An example of a control unit (the control unit 208) depicted schematically in Fig. lb may itself comprise a calculation unit 120 which may for example take the form of any suitable kind of processor or microcomputer, e.g. a circuit for digital signal processing (Digital Signal Processor, DSP), or a circuit with a predetermined specific function (Application Specific Integrated Circuit, ASIC) . The calculation unit 120 is connected to a memory unit 121 which provides it with, for example, the stored programme code 109 and/or the stored data which the calculation unit needs for it to be able to perform calculations. The calculation unit is also arranged to store partial or final results of calculations in the memory unit 121.

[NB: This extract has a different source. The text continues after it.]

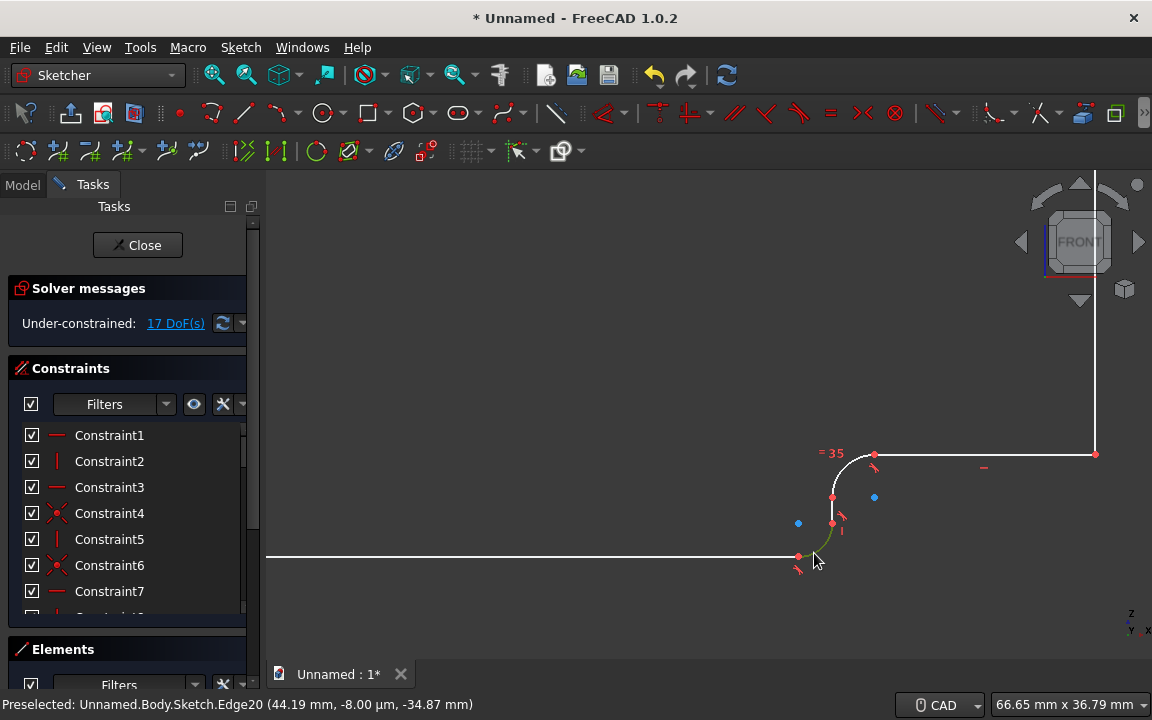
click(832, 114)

The control unit is further provided with respective devices 122, 123, 124, 125 for receiving and sending input and output signals. These signals may comprise waveforms, pulses or other attributes which the input signal receiving devices 122, 125 can detect as information for processing by the

calculation unit 120. The output signal sending devices 123, 124 are arranged to convert calculation results from the calculation unit 120 to output signals for conveying to other parts of the vehicle's control system and/or the

component /components for which the signals are intended. Each of the connections to the respective devices for receiving and sending input and output signals may take the form of one or more from among a cable, a data bus, e.g. a CAN (Controller Area Network) bus, an MOST (Media Oriented Systems Transport) bus or some other bus configuration, or a wireless connection. As mentioned above, the combustion in the combustion chambers of the engine 101 results in the formation of particles which should not and in many cases are not permitted to be released into the vehicle's surroundings. The particles formed during combustion in, for example, a diesel engine consist largely of hydrocarbons, carbon (soot) and inorganic substances such as sulphur and ash. Soot particles may for example be formed when the fuel/air ratio during combustion in the engine' s combustion chambers becomes too great, i.e. when there is a so-called "rich" fuel mixture with too high a proportion of fuel relative to that of air.

Although the fuel/air ratio for a specific combustion, i.e. the amounts of air and fuel injected during a specific piston stroke, may be such that the requirement for non-sooting combustion is met, the fuel/air ratio may still occur locally in parts of the combustion chamber where the proportion of fuel is higher and the mixture is thus richer, potentially giving rise to soot during combustion.

Soot may for example also be formed by oil splash from the engine's lubrication reaching the combustion chamber, e.g. via the movements of the piston. Metal fragments from wear and/or manufacture of the engine may for example give rise to

particle formation. The vehicle's fuel may be more or less "clean" and thus itself give rise to sundry particle formation during combustion. These soot particles are thus gathered up by the particle filter 202 by the exhaust flow being led through the filter structure, in which they are captured from the passing exhaust flow in order to be stored in the filter. A particle filter can usually separate a very large proportion of the particles present in the exhaust flow.

Statutory requirements have already been adopted in certain jurisdictions, and are expected in others, for vehicles to have their own systems, so-called OBD (on-board diagnostics) systems, making it possible to ensure that not only on the occasion for example of workshop visit checks but also in commercial operation the vehicle' s particle emissions stay below prescribed levels.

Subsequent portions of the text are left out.